Nancy’s Pick
June 2017
The Rent Collector
Camron Wright
Published by Shadow Mountain
The Rent Collector is a novel written by Camron Wright in 2012. The author states that the novel is a work of fiction, but it accurately reflects the time setting, the living conditions, the characters, and important historical facts. The book is based on a true story. The Rent Collector is set in Phnom Pheh, Cambodia at the time of the communist Khmer Rouge rule from April 27, 1975 to January 1979. The Pol Pot regime is responsible for the genocide of two million Cambodians and for isolating the Cambodian people from the world.
The novel’s main characters are Sang Ly, Ki Lim, her husband, their infant son Nisay, who is often ill, and Sopeap Sin. Sang Ly and family along with hundreds of dump people struggle to survive by picking through the 100 acre Stung Mean Chey,” River of Victory,” municipal trash dump. They pick through the dump hoping to find items to sell for food and rent money. The dump is their unofficial home. The government allows no permanent structures and orders all structures in the dump to be destroyed daily. Dump life is extremely dangerous and dirty, yet while feeling hopeless, the dump people form bonds with each other. The Rent Collector, Sopeap, is an abrupt, bitter, angry woman who drinks. She owns the perimeter lands where the “lucky” ones rent space for make shift structures that can remain “like tin and cardboard castles walls on the perimeters.”

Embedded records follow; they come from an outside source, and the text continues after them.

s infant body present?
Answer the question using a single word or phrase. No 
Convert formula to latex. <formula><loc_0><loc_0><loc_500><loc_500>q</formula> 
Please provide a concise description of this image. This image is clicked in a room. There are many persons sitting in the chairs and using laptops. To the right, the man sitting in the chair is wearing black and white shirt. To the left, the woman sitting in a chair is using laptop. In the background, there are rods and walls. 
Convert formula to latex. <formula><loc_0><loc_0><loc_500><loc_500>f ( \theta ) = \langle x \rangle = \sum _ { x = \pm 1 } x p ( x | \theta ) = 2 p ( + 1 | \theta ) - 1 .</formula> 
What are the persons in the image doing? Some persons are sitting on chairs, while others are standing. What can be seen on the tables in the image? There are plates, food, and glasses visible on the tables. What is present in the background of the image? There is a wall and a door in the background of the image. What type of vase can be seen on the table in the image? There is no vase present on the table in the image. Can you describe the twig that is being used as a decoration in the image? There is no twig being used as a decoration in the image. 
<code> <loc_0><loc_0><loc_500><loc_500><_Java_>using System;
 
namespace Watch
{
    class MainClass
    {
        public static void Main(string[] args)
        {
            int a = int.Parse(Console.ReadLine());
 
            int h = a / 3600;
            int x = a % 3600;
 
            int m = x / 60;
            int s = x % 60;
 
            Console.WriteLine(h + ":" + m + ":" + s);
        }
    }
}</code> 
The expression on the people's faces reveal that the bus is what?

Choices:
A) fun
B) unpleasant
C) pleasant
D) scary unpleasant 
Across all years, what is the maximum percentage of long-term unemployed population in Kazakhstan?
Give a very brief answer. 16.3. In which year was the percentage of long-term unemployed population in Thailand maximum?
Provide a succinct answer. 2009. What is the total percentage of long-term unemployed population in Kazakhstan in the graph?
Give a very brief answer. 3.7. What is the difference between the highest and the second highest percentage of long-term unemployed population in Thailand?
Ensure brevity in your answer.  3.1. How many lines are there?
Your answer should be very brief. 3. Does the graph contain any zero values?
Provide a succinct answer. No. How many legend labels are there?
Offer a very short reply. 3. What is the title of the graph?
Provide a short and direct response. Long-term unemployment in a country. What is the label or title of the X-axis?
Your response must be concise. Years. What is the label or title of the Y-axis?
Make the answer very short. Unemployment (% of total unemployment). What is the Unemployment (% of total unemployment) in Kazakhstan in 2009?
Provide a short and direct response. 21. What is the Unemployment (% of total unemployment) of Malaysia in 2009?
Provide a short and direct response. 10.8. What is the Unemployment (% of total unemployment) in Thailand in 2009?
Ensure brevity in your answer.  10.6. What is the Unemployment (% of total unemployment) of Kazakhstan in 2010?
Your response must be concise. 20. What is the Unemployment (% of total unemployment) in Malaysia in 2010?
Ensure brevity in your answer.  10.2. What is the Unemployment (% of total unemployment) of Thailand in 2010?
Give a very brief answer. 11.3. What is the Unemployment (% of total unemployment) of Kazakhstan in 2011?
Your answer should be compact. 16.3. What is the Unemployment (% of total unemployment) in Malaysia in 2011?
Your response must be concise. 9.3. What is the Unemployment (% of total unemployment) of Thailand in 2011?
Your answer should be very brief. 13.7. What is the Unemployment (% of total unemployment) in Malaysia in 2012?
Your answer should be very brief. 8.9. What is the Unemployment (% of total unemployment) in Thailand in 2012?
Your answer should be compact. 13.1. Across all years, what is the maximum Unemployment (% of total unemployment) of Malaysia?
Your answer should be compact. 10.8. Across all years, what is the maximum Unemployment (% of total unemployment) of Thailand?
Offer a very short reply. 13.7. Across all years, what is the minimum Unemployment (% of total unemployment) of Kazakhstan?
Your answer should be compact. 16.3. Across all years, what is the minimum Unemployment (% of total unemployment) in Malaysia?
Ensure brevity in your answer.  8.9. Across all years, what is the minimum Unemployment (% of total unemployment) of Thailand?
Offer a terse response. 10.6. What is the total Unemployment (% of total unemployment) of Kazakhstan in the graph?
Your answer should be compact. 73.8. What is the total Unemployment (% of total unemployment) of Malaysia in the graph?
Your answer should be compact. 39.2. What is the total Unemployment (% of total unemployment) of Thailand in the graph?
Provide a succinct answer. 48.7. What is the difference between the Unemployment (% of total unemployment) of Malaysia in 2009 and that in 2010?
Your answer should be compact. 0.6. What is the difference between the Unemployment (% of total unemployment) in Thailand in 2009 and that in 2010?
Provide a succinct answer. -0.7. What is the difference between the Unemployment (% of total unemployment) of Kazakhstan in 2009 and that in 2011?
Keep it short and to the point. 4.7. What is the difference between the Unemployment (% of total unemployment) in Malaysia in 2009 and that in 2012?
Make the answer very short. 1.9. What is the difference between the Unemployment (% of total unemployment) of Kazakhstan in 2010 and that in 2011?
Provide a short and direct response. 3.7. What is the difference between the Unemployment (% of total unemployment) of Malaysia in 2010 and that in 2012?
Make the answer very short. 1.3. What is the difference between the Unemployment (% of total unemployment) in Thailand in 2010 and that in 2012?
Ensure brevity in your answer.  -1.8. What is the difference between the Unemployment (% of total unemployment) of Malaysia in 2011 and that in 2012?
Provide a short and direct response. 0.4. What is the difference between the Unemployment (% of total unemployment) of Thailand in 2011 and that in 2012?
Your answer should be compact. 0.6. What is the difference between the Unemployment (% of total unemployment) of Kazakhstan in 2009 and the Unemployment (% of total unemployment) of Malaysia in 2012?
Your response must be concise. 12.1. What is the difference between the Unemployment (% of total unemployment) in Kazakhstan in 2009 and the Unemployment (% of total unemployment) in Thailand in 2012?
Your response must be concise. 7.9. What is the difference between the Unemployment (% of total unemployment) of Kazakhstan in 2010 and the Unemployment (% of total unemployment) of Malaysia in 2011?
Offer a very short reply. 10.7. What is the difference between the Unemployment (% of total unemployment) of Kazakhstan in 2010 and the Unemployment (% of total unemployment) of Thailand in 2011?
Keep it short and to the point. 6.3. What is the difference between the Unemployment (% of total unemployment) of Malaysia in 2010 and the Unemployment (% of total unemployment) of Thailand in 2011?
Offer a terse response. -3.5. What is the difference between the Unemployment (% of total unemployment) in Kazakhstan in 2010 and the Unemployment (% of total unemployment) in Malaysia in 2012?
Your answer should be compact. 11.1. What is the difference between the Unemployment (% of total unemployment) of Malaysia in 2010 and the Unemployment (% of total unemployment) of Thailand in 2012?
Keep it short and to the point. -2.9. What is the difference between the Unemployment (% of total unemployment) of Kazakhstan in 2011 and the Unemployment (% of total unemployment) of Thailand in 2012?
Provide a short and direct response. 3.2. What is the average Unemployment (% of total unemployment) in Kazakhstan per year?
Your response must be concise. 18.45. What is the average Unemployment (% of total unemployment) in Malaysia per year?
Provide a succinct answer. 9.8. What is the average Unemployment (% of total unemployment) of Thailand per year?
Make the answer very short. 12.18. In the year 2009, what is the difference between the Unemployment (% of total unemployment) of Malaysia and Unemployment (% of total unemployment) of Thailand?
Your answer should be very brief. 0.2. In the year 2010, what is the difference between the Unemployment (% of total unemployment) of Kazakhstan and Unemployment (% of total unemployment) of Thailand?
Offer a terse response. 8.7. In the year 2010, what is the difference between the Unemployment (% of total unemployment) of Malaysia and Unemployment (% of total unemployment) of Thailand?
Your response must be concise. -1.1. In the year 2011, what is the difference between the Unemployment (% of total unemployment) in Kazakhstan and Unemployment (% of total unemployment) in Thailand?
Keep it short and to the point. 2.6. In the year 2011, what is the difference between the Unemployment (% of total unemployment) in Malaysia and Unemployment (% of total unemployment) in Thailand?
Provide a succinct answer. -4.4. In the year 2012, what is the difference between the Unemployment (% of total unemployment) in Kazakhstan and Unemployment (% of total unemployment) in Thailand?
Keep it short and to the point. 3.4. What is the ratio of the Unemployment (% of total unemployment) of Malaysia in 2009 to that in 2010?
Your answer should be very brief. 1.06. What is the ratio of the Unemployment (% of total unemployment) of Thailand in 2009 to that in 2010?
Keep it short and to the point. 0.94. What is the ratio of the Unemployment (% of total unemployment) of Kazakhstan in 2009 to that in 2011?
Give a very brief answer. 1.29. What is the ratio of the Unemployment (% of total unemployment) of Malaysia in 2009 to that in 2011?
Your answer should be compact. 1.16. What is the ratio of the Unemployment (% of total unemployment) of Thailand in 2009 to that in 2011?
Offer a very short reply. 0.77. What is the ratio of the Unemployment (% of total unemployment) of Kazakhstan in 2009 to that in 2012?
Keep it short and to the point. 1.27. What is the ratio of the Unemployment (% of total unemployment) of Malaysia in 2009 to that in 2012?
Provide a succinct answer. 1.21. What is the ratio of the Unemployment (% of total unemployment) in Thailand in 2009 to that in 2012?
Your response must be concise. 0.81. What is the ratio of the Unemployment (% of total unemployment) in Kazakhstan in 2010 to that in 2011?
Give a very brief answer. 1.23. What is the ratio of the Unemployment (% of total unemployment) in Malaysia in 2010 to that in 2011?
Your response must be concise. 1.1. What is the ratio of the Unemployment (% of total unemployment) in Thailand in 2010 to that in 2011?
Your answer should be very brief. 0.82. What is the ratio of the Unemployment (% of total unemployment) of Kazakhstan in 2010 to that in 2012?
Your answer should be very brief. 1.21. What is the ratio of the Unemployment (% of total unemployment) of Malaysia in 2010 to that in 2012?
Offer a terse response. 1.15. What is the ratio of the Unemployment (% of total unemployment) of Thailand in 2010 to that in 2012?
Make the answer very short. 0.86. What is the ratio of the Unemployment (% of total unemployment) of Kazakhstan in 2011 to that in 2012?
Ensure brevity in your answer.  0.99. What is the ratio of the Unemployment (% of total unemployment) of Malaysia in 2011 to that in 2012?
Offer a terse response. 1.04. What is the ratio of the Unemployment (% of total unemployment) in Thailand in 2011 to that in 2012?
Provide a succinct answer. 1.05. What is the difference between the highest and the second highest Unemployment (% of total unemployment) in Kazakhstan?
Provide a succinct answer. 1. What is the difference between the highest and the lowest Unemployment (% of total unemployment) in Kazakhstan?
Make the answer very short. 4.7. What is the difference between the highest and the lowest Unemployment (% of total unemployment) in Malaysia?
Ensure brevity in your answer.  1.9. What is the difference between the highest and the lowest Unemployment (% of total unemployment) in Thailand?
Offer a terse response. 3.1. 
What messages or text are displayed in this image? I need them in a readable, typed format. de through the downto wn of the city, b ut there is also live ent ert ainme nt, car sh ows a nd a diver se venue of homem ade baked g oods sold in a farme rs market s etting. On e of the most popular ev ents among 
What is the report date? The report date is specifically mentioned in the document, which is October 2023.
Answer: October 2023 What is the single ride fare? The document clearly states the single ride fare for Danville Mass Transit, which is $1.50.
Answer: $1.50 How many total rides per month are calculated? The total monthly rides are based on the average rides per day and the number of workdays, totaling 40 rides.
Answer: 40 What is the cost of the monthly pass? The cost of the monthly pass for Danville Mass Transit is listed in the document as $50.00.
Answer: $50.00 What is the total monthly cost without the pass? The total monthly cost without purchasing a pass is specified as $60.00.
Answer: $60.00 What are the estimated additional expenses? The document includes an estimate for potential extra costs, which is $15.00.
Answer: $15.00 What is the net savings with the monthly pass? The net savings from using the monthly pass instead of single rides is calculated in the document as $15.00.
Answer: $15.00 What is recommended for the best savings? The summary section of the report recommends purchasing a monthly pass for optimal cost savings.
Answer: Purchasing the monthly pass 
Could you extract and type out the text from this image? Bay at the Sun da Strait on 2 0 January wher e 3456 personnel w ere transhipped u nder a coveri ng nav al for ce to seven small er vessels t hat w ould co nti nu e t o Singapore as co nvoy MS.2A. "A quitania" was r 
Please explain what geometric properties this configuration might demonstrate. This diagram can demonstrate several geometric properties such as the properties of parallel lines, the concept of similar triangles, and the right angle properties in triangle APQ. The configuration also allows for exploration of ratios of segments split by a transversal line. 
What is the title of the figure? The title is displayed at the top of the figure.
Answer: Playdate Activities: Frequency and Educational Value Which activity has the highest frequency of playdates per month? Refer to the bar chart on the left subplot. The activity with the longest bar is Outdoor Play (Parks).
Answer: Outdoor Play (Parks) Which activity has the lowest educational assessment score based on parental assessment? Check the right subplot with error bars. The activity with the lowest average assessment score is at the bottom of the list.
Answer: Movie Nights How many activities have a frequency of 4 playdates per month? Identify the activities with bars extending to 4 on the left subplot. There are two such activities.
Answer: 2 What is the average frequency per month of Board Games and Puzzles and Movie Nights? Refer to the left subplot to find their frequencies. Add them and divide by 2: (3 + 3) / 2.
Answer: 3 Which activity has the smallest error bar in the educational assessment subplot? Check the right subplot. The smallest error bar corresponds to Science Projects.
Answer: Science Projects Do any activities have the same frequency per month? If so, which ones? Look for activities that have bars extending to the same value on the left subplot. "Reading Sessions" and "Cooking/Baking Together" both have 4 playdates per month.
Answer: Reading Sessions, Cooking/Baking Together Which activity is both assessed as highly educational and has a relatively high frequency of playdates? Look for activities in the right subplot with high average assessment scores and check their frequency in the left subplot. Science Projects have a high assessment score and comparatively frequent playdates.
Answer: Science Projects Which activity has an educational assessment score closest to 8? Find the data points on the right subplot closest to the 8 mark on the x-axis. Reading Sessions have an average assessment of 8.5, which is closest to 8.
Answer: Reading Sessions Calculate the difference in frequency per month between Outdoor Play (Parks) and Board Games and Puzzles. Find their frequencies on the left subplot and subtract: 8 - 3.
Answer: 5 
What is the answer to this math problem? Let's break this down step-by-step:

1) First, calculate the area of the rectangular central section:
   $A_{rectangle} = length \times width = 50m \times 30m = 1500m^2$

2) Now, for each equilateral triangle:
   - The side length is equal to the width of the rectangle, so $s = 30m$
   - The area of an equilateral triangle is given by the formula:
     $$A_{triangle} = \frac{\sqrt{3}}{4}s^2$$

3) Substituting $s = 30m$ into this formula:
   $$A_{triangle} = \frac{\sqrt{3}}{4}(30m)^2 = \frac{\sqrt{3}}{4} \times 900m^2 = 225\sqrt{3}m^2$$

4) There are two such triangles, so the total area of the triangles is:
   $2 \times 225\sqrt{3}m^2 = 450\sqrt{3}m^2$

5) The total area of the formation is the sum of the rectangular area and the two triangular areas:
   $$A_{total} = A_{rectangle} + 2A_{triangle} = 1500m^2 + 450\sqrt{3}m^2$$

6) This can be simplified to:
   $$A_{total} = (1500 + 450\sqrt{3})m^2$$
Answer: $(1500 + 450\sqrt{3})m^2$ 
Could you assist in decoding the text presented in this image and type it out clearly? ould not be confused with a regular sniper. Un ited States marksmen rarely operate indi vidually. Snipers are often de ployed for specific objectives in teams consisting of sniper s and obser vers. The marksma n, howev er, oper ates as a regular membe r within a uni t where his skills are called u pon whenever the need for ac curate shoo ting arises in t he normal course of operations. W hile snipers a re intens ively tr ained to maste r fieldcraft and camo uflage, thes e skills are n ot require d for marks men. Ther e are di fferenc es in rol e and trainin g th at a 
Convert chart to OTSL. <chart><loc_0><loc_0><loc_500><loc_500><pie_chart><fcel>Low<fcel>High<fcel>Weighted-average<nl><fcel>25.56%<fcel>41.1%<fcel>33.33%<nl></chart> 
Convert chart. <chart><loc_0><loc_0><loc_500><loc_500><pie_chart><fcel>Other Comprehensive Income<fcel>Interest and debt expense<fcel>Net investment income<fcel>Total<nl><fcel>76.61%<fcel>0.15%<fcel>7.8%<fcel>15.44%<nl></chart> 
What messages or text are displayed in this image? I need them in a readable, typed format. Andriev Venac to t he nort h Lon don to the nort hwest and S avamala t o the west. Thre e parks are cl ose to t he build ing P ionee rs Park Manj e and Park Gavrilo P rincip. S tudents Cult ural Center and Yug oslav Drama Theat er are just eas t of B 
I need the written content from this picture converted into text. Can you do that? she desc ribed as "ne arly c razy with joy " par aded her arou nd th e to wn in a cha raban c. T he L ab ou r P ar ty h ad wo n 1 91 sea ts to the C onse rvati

Sang Ly has hopes for her son’s health and her family’s future. She wants to learn to read and her unlikely teacher will be Sopeap. The author takes the reader through the characters’ lives and adventures. Camron Wright leads you into Sang Ly’s discoveries of her dreams. Sang Ly finds the identity and life story of the Rent Collector, Sopeap. The author, through Sopeap, quotes many literary writings as a way to show that literature can instill hope and transform lives.
The Rent Collector will lead the reader to want to discover more about Cambodia and its people’s history.
The documentary, River of Victory, produced by Treavor Wright (son of Camron Wright), was the inspiration for the book. See riverofvictory.com.